*** DATA UNDER STUDY ***

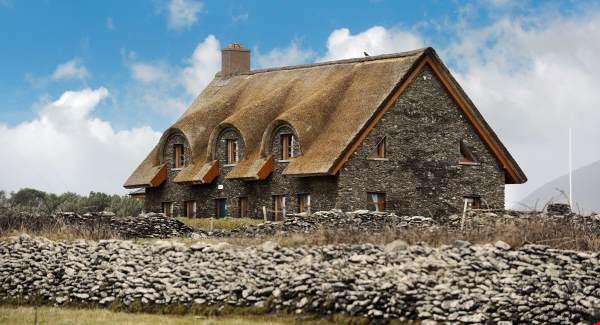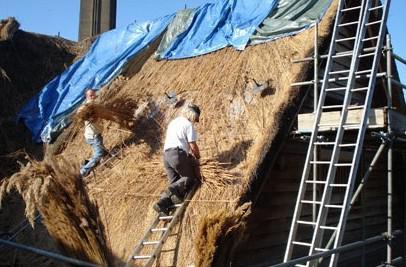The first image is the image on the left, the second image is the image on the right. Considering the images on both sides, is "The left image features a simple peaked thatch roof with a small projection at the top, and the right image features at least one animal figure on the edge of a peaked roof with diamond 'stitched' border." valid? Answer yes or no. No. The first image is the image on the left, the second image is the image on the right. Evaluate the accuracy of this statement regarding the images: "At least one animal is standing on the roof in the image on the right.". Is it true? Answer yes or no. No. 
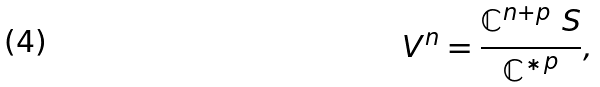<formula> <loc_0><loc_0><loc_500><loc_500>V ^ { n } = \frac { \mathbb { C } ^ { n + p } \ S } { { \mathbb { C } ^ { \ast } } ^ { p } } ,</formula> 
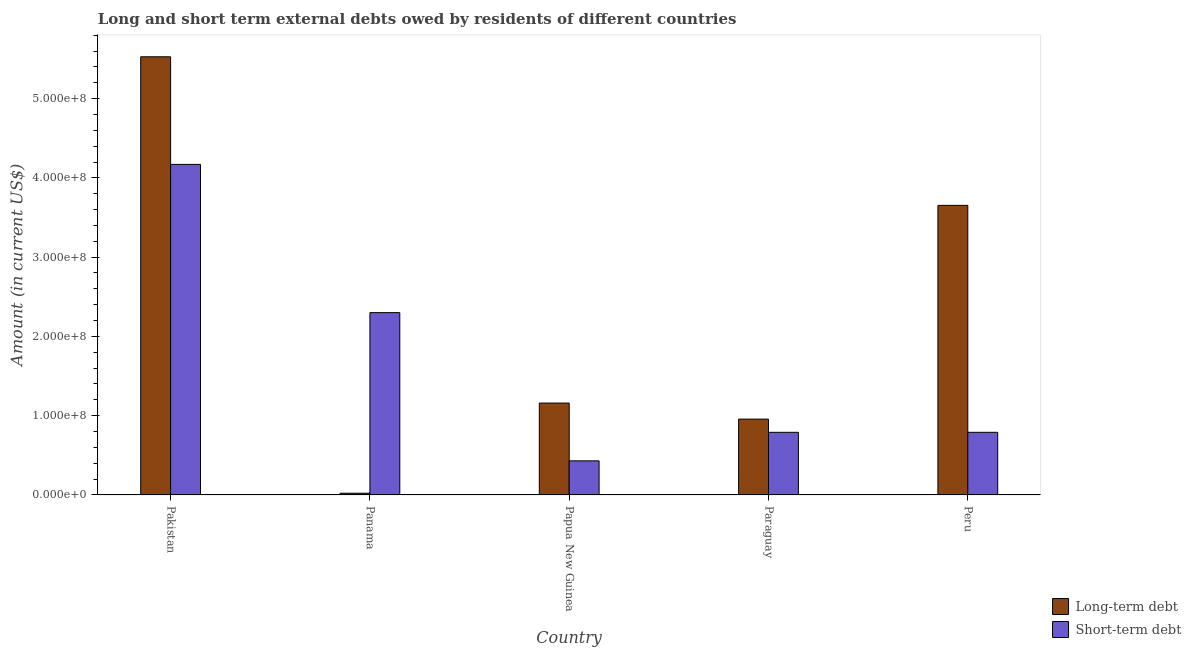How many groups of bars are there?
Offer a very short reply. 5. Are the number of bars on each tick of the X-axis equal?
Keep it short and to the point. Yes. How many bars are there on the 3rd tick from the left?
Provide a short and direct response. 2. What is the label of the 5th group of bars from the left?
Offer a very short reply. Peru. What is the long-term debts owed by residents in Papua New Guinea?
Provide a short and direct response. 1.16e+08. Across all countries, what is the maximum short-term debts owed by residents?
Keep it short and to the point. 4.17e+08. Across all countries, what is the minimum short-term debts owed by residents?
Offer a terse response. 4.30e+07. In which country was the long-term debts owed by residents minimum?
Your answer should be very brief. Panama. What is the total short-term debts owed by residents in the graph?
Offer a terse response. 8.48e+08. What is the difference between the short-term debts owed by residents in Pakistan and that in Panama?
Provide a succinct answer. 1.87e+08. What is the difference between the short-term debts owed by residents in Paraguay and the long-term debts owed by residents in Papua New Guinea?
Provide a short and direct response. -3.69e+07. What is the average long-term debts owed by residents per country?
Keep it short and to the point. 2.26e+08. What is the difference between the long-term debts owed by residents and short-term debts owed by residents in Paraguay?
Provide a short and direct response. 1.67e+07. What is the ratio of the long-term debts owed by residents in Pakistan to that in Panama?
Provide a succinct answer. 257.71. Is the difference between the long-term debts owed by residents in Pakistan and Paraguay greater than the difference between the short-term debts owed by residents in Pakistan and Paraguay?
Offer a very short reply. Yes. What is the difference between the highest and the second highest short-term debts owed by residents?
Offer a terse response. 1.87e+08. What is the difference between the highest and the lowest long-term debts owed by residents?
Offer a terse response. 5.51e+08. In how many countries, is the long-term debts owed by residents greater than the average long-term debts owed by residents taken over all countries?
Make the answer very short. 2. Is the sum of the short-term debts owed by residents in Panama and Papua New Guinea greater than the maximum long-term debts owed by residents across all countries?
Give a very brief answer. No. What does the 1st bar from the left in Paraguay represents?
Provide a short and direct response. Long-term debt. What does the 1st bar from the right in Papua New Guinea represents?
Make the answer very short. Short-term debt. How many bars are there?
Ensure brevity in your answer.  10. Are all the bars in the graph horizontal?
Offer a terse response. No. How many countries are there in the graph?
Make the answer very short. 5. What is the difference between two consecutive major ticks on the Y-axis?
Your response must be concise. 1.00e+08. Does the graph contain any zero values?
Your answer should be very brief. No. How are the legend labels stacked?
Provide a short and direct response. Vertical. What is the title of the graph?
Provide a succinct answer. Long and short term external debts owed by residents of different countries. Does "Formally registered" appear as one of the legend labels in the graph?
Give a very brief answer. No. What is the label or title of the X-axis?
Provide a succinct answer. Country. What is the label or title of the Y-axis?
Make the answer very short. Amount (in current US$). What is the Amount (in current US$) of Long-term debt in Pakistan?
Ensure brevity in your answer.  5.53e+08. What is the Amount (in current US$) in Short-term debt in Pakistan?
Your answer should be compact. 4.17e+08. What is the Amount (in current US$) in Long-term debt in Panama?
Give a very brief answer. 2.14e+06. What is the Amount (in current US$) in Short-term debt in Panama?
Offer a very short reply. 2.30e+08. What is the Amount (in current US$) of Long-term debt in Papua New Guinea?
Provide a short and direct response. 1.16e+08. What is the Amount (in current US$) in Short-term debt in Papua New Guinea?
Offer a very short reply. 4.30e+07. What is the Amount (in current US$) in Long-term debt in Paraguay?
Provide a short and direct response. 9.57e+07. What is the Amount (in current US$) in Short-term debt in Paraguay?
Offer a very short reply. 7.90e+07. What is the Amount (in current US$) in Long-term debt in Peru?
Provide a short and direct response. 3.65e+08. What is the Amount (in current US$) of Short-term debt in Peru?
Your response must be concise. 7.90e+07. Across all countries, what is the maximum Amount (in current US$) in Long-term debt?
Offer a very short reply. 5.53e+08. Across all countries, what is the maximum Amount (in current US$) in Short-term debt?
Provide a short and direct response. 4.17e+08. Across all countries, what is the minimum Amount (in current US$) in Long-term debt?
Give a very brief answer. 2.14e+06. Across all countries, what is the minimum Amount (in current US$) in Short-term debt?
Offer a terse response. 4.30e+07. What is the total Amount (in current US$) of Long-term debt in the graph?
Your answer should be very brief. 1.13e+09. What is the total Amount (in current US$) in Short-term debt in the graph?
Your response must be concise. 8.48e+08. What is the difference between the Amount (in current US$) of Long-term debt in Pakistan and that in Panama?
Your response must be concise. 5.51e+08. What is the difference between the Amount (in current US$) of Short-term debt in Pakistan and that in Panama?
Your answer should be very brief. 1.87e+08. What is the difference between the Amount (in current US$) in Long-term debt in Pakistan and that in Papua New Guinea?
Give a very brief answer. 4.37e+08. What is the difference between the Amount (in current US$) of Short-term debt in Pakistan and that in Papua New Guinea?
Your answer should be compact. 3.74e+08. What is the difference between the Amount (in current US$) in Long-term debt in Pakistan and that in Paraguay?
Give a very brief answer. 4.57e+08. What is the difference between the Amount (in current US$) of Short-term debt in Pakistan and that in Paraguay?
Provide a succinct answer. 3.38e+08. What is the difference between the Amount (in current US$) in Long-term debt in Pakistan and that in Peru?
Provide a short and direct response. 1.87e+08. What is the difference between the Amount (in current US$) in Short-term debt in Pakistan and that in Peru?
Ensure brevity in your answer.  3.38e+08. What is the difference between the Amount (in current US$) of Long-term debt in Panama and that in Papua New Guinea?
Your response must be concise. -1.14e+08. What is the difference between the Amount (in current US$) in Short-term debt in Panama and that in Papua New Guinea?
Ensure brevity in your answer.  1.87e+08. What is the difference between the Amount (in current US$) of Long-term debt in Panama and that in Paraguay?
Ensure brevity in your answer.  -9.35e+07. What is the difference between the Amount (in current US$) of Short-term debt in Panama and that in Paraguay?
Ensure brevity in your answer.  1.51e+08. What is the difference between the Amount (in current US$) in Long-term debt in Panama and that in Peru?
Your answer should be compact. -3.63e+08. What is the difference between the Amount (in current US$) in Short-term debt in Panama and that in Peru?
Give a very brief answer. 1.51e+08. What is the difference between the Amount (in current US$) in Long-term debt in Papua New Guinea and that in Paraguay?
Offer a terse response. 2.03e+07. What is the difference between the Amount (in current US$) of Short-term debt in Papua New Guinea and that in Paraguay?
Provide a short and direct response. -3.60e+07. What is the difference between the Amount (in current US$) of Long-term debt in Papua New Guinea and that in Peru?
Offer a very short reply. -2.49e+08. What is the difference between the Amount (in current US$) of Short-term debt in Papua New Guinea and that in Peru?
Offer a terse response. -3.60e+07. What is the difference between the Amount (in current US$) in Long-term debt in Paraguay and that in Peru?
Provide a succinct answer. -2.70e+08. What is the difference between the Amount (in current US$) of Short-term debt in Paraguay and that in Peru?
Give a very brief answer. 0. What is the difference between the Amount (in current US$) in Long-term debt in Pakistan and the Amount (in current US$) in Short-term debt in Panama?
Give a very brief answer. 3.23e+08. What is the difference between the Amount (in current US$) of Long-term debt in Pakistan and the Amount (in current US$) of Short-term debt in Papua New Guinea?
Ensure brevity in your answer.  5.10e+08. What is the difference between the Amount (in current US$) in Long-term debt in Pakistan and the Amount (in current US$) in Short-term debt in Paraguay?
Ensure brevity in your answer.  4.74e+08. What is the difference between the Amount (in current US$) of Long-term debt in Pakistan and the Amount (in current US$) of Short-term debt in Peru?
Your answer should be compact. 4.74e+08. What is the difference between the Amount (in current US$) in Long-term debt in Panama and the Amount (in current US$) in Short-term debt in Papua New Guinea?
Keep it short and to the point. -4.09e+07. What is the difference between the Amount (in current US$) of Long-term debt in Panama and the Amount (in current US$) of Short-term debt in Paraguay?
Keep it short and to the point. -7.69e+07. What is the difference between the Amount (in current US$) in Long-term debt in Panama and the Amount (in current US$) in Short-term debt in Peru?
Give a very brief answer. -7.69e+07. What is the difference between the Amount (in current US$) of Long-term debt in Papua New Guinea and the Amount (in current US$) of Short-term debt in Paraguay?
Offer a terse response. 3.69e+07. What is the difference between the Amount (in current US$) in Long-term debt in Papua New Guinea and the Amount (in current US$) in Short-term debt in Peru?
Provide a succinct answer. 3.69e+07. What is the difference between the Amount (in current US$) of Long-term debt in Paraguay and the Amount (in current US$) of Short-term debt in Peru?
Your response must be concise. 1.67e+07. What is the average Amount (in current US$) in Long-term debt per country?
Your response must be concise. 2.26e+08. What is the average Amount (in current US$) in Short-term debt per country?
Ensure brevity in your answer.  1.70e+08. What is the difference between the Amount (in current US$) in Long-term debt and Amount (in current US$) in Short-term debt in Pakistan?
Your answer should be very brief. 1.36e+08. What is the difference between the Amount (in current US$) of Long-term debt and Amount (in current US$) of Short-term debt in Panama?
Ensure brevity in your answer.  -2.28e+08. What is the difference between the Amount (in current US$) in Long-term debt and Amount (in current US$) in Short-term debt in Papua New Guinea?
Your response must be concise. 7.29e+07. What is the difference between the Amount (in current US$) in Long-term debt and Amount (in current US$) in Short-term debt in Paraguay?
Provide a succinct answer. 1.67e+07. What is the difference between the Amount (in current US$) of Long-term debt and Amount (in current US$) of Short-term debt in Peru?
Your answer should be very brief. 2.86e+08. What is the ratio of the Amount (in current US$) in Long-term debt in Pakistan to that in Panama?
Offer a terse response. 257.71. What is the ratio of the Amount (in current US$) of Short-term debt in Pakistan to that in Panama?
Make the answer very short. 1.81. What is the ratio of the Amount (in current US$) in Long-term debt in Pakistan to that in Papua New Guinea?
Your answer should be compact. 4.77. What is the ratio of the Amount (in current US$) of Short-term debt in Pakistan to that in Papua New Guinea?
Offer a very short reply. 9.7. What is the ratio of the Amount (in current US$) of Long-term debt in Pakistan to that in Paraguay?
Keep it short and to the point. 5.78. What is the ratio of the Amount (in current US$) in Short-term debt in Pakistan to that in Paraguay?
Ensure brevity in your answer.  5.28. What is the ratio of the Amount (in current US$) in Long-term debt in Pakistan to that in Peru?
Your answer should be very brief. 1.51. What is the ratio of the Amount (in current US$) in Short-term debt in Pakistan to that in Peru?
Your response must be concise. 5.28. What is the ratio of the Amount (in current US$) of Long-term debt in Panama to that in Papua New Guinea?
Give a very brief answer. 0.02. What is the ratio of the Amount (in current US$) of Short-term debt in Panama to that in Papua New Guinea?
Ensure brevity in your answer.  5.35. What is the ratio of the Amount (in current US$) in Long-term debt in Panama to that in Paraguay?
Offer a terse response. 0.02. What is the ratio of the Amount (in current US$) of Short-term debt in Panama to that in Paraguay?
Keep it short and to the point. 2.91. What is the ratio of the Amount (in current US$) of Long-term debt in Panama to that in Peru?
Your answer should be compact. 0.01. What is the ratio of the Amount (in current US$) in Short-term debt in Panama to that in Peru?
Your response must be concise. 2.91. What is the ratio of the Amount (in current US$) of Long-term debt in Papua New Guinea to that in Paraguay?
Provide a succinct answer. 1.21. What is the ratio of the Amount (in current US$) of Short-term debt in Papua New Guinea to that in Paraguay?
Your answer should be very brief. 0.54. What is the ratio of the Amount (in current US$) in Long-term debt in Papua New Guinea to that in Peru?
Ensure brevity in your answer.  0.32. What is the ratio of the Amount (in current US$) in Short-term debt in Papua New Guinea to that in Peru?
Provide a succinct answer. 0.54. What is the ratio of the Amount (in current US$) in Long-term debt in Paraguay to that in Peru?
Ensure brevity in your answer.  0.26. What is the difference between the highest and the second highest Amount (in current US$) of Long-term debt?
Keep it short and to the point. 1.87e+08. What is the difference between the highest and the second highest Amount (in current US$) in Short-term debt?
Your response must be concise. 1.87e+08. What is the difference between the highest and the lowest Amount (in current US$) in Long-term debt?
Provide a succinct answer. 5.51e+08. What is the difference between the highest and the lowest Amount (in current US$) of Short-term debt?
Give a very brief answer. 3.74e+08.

***
*** DATA UNDER STUDY ***

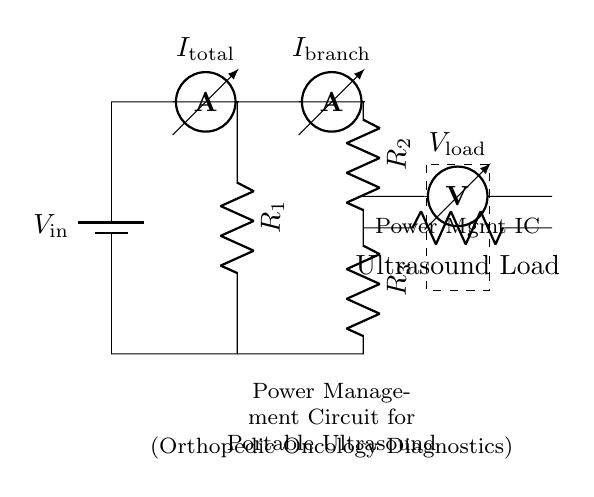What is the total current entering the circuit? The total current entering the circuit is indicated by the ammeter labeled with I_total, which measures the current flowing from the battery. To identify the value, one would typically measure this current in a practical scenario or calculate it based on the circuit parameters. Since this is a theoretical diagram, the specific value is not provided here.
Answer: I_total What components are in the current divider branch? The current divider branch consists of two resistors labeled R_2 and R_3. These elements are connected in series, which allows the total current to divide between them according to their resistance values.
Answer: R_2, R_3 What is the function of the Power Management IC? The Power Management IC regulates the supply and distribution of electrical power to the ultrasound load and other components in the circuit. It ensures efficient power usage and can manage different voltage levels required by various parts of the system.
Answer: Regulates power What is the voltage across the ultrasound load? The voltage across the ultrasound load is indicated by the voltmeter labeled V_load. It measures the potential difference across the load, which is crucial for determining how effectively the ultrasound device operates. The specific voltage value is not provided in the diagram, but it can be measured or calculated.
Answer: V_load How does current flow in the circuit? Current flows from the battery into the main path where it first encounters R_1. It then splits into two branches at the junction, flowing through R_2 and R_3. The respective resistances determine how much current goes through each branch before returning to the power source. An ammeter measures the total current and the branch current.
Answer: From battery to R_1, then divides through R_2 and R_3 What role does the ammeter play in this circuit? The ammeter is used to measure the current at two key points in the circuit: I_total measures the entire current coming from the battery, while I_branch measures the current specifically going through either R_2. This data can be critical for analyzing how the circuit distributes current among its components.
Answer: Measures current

***
*** DATA UNDER STUDY ***

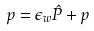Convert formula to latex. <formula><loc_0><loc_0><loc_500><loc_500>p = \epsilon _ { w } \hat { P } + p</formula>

***

_WHAT YOU NEED TO DO_
Among the entries above, find the line with "true? Answer yes or no. No." and repeat exactly from there through the line with "Keep it short and to the point. 4.17e+08.", leaving out the pictures.

_EXERCISE SOLUTION_
The first image is the image on the left, the second image is the image on the right. Considering the images on both sides, is "The left image features a simple peaked thatch roof with a small projection at the top, and the right image features at least one animal figure on the edge of a peaked roof with diamond 'stitched' border." valid? Answer yes or no. No. The first image is the image on the left, the second image is the image on the right. Evaluate the accuracy of this statement regarding the images: "At least one animal is standing on the roof in the image on the right.". Is it true? Answer yes or no. No. 
<formula> <loc_0><loc_0><loc_500><loc_500>V ^ { n } = \frac { \mathbb { C } ^ { n + p } \ S } { { \mathbb { C } ^ { \ast } } ^ { p } } ,</formula> 
How many groups of bars are there?
Offer a very short reply. 5. Are the number of bars on each tick of the X-axis equal?
Keep it short and to the point. Yes. How many bars are there on the 3rd tick from the left?
Provide a short and direct response. 2. What is the label of the 5th group of bars from the left?
Offer a very short reply. Peru. What is the long-term debts owed by residents in Papua New Guinea?
Provide a short and direct response. 1.16e+08. Across all countries, what is the maximum short-term debts owed by residents?
Keep it short and to the point. 4.17e+08. Across all countries, what is the minimum short-term debts owed by residents?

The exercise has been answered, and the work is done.